**EXERCISE OBJECTIVE**
The records that follow should be returned exactly, pictures excluded.

**SUPPLIED MATERIAL**
Content starts
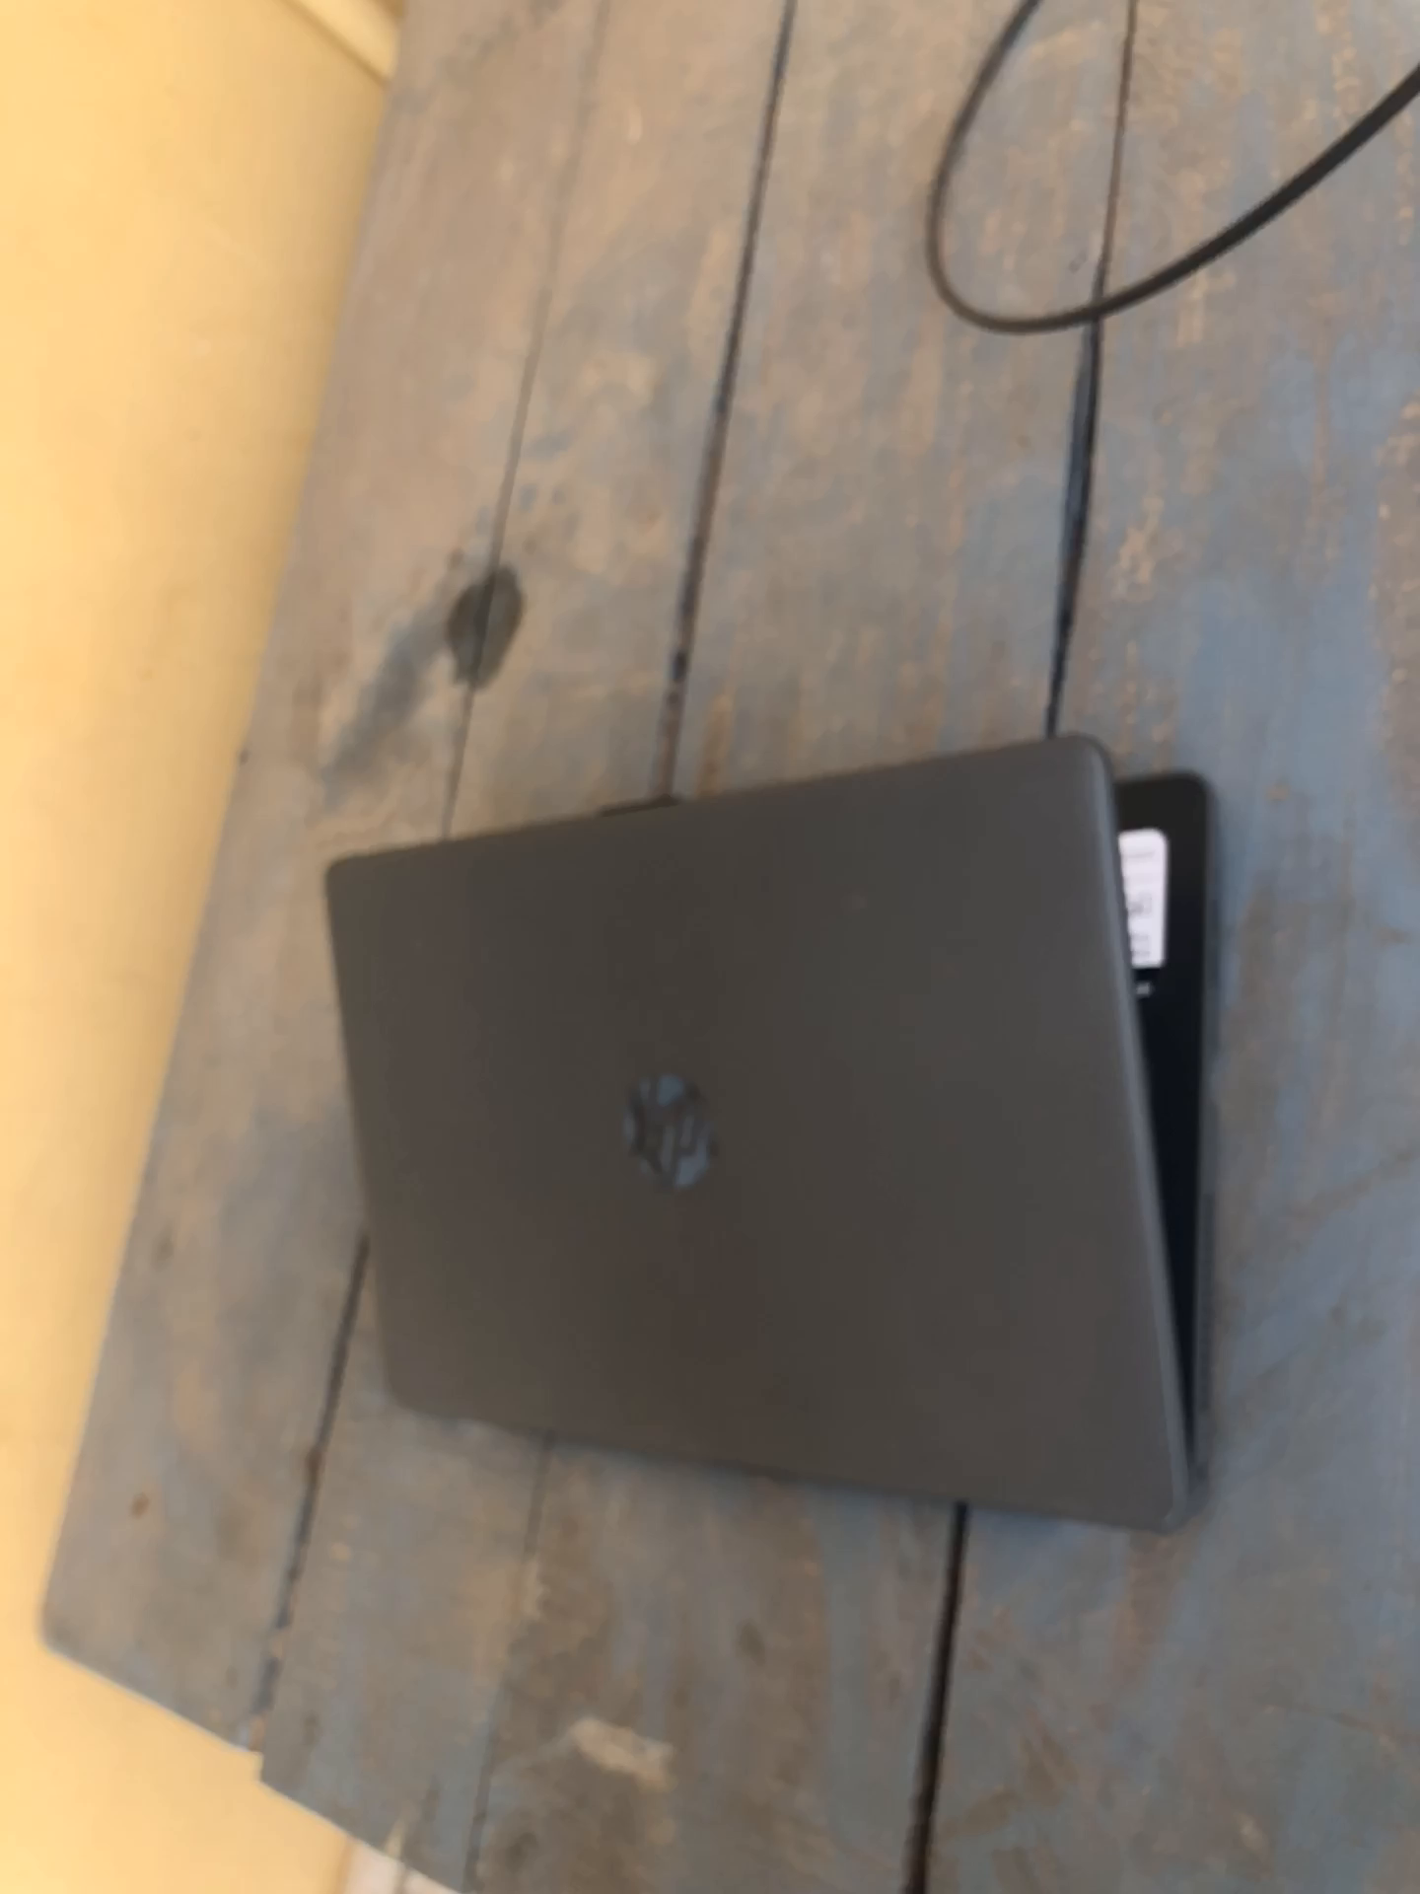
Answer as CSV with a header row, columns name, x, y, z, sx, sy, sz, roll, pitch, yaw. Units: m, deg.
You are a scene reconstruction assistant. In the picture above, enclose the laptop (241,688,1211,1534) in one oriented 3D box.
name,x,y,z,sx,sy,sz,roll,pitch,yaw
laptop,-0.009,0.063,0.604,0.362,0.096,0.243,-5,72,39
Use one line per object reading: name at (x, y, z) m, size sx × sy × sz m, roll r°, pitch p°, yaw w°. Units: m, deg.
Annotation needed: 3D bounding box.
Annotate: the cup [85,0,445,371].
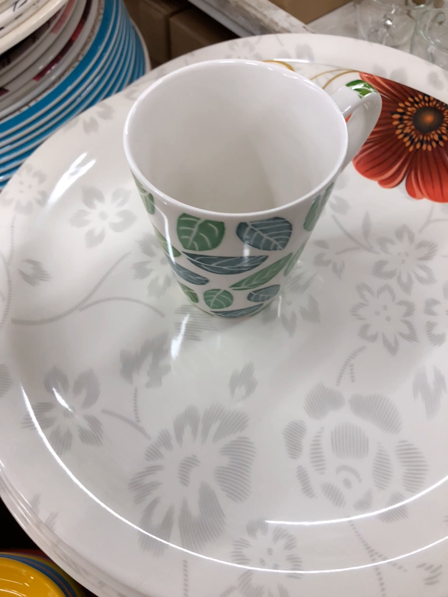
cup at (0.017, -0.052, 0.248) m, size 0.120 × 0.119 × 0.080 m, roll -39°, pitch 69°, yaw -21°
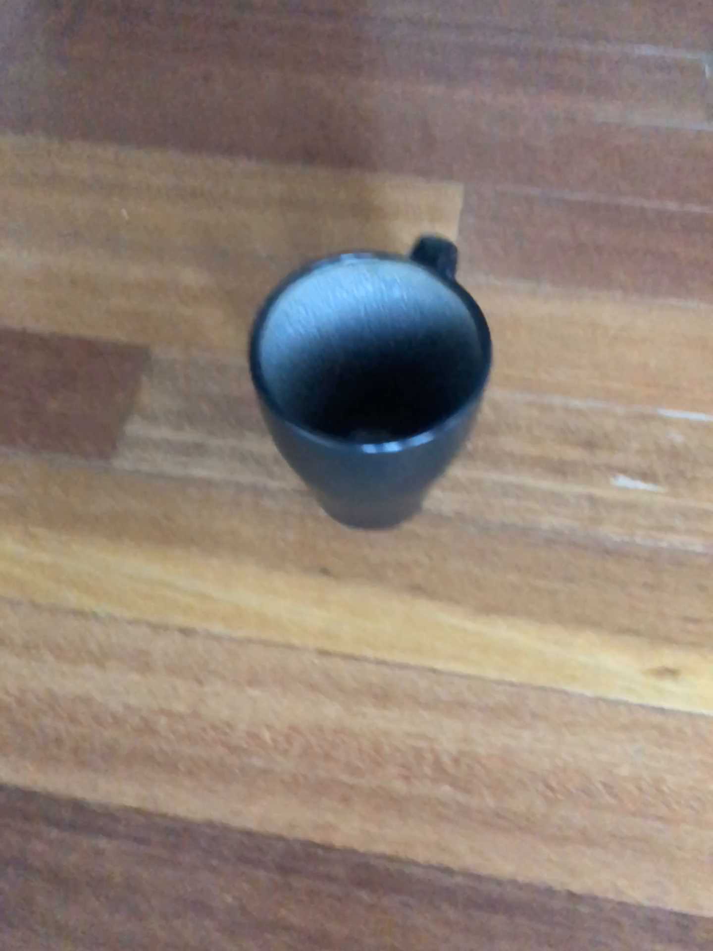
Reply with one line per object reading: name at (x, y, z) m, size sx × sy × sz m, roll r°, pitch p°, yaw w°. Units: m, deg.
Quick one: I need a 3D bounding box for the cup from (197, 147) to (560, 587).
Content ends
**OUTPUT**
Answer as CSV with a header row, columns name, x, y, z, sx, sy, sz, roll, pitch, yaw. Units: m, deg.
You are a scene reconstruction assistant. In the picture above, enclose the laptop (241,688,1211,1534) in one oriented 3D box.
name,x,y,z,sx,sy,sz,roll,pitch,yaw
laptop,-0.009,0.063,0.604,0.362,0.096,0.243,-5,72,39
Use one line per object reading: name at (x, y, z) m, size sx × sy × sz m, roll r°, pitch p°, yaw w°. Units: m, deg.
Annotation needed: 3D bounding box.
Annotate: the cup [85,0,445,371].
cup at (0.017, -0.052, 0.248) m, size 0.120 × 0.119 × 0.080 m, roll -39°, pitch 69°, yaw -21°
Reply with one line per object reading: name at (x, y, z) m, size sx × sy × sz m, roll r°, pitch p°, yaw w°. Units: m, deg.
Quick one: I need a 3D bounding box for the cup from (197, 147) to (560, 587).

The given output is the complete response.